Update: I thought of a way to make Control-C exit the ping loop cleanly. This will run the loop in the background, trap the interrupt (Control-C) signal, and kill the background loop if it occurs:

ping_cancelled=false    # Keep track of whether the loop was cancelled, or succeeded
until ping -c1 "$1" >/dev/null 2>&1; do :; done &    # The "&" backgrounds it
trap "kill $!; ping_cancelled=true" SIGINT
wait $!          # Wait for the loop to exit, one way or another
trap - SIGINT    # Remove the trap, now we're done with it
echo "Done pinging, cancelled=$ping_cancelled"

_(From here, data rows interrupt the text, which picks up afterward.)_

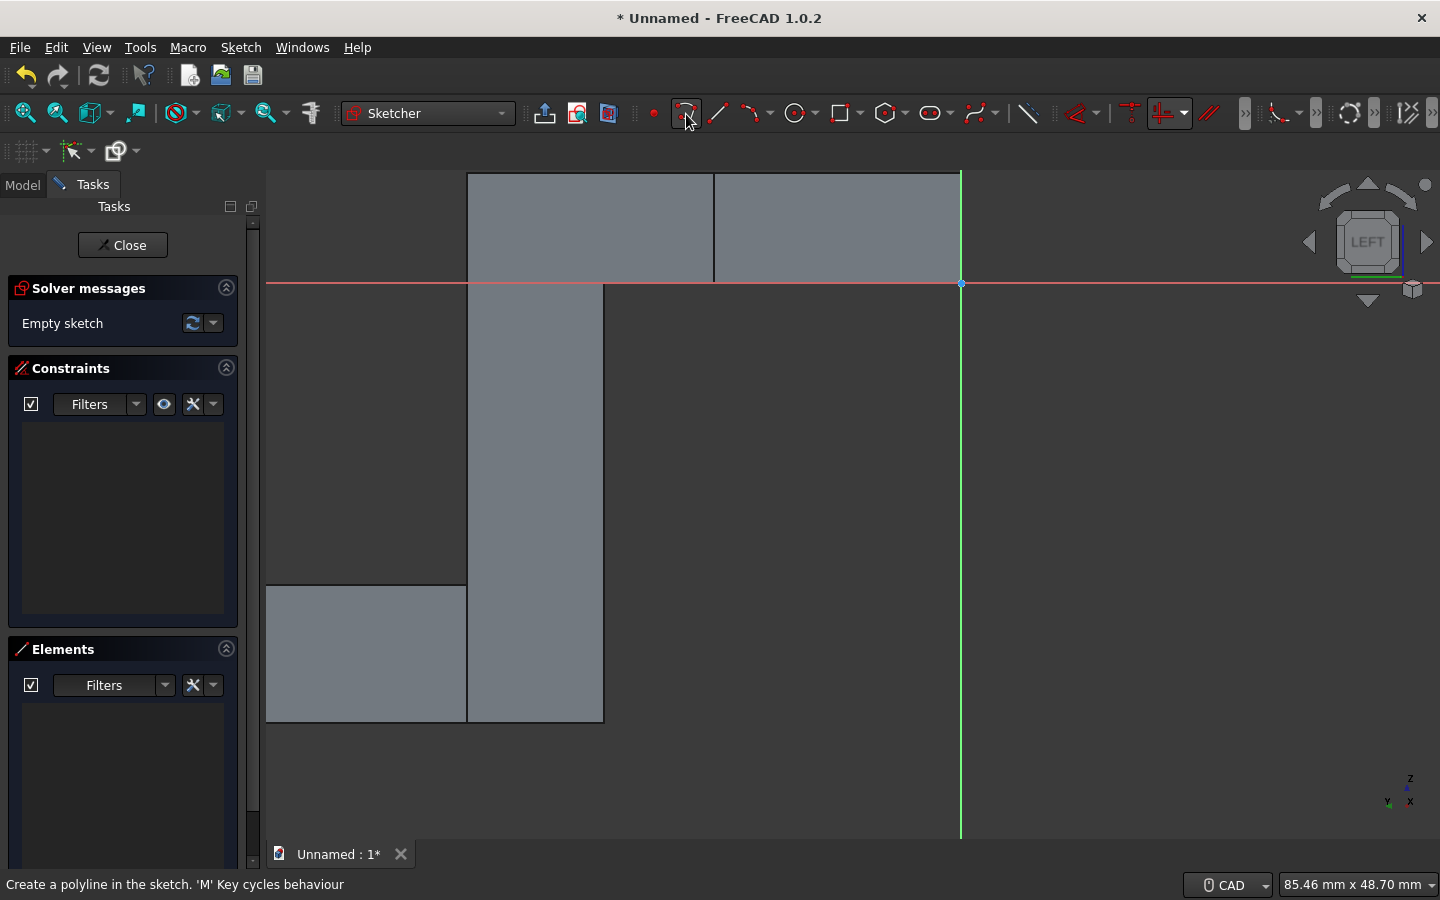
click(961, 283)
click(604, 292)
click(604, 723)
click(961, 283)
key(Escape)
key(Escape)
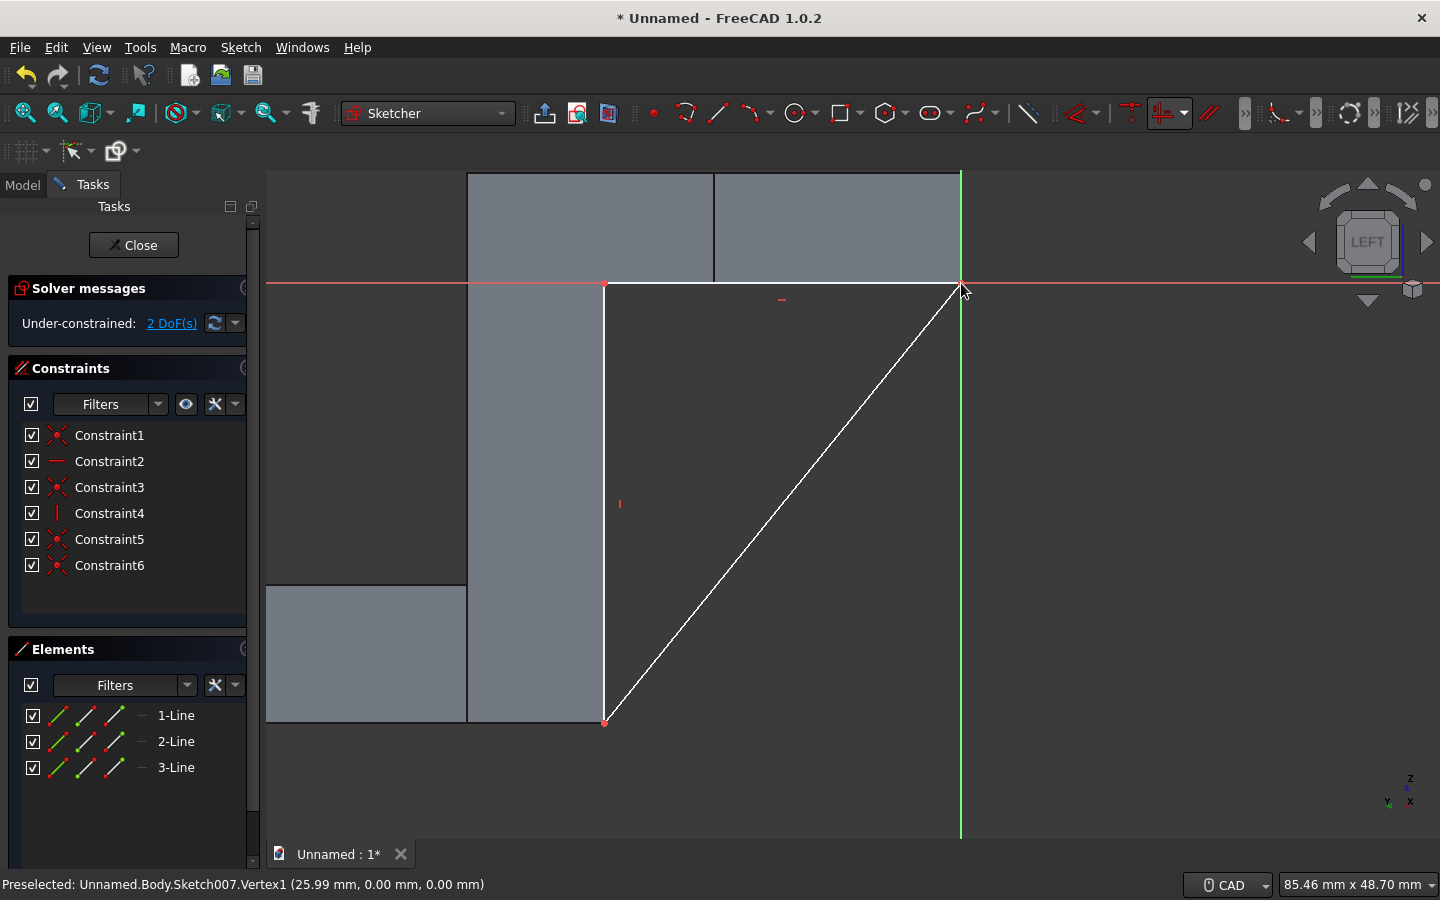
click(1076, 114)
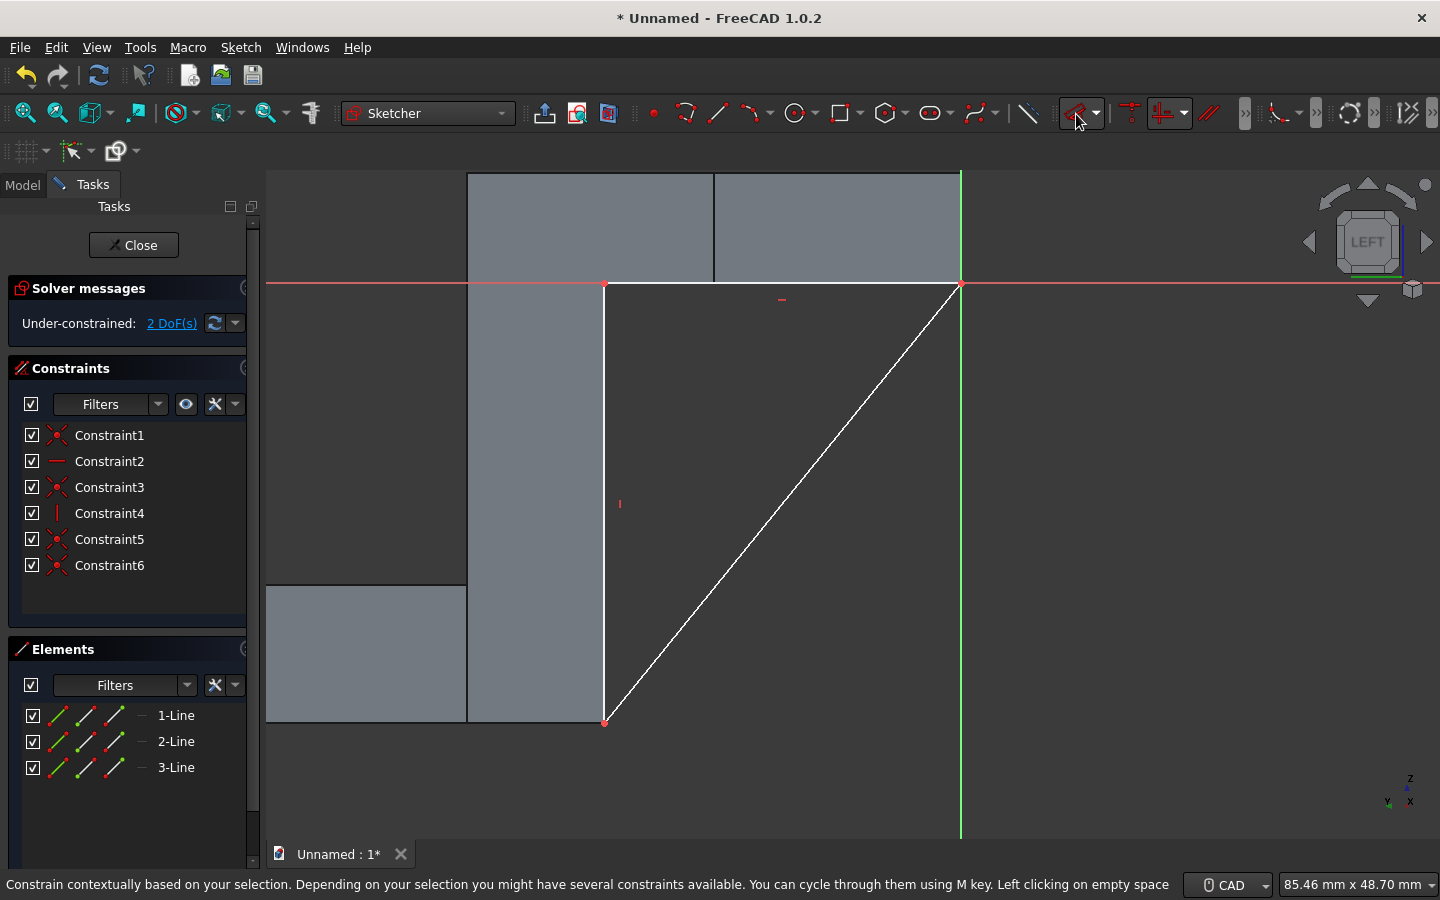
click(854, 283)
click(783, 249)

It's a bit circuitous, but if you want the loop to be cancellable it should do the trick.

44

I know the question is old... and specifically asks regarding ping, but I wanted to share my solution.

I use this when rebooting hosts to know when I can SSH back into them again. (Since ping will respond for several seconds before sshd is started.)

until nc -vzw 2 $host 22; do sleep 2; done
Aaron Copley
  • 12,954
30

You can do a loop, send one ping and depending on the status break the loop, for example (bash):

while true; do ping -c1 www.google.com > /dev/null && break; done

Putting this somewhere in your script will block, until www.google.com is pingable.

squillman
  • 38,163
Martynas
  • 1,287
11

Ping the target host once. Check if the ping succeeded (return value of ping is zero). If host is not alive, ping again.

The following code can be saved as a file and called with the hostname as argument, or stripped of the first and last line and used as function within an existing script (waitForHost hostname).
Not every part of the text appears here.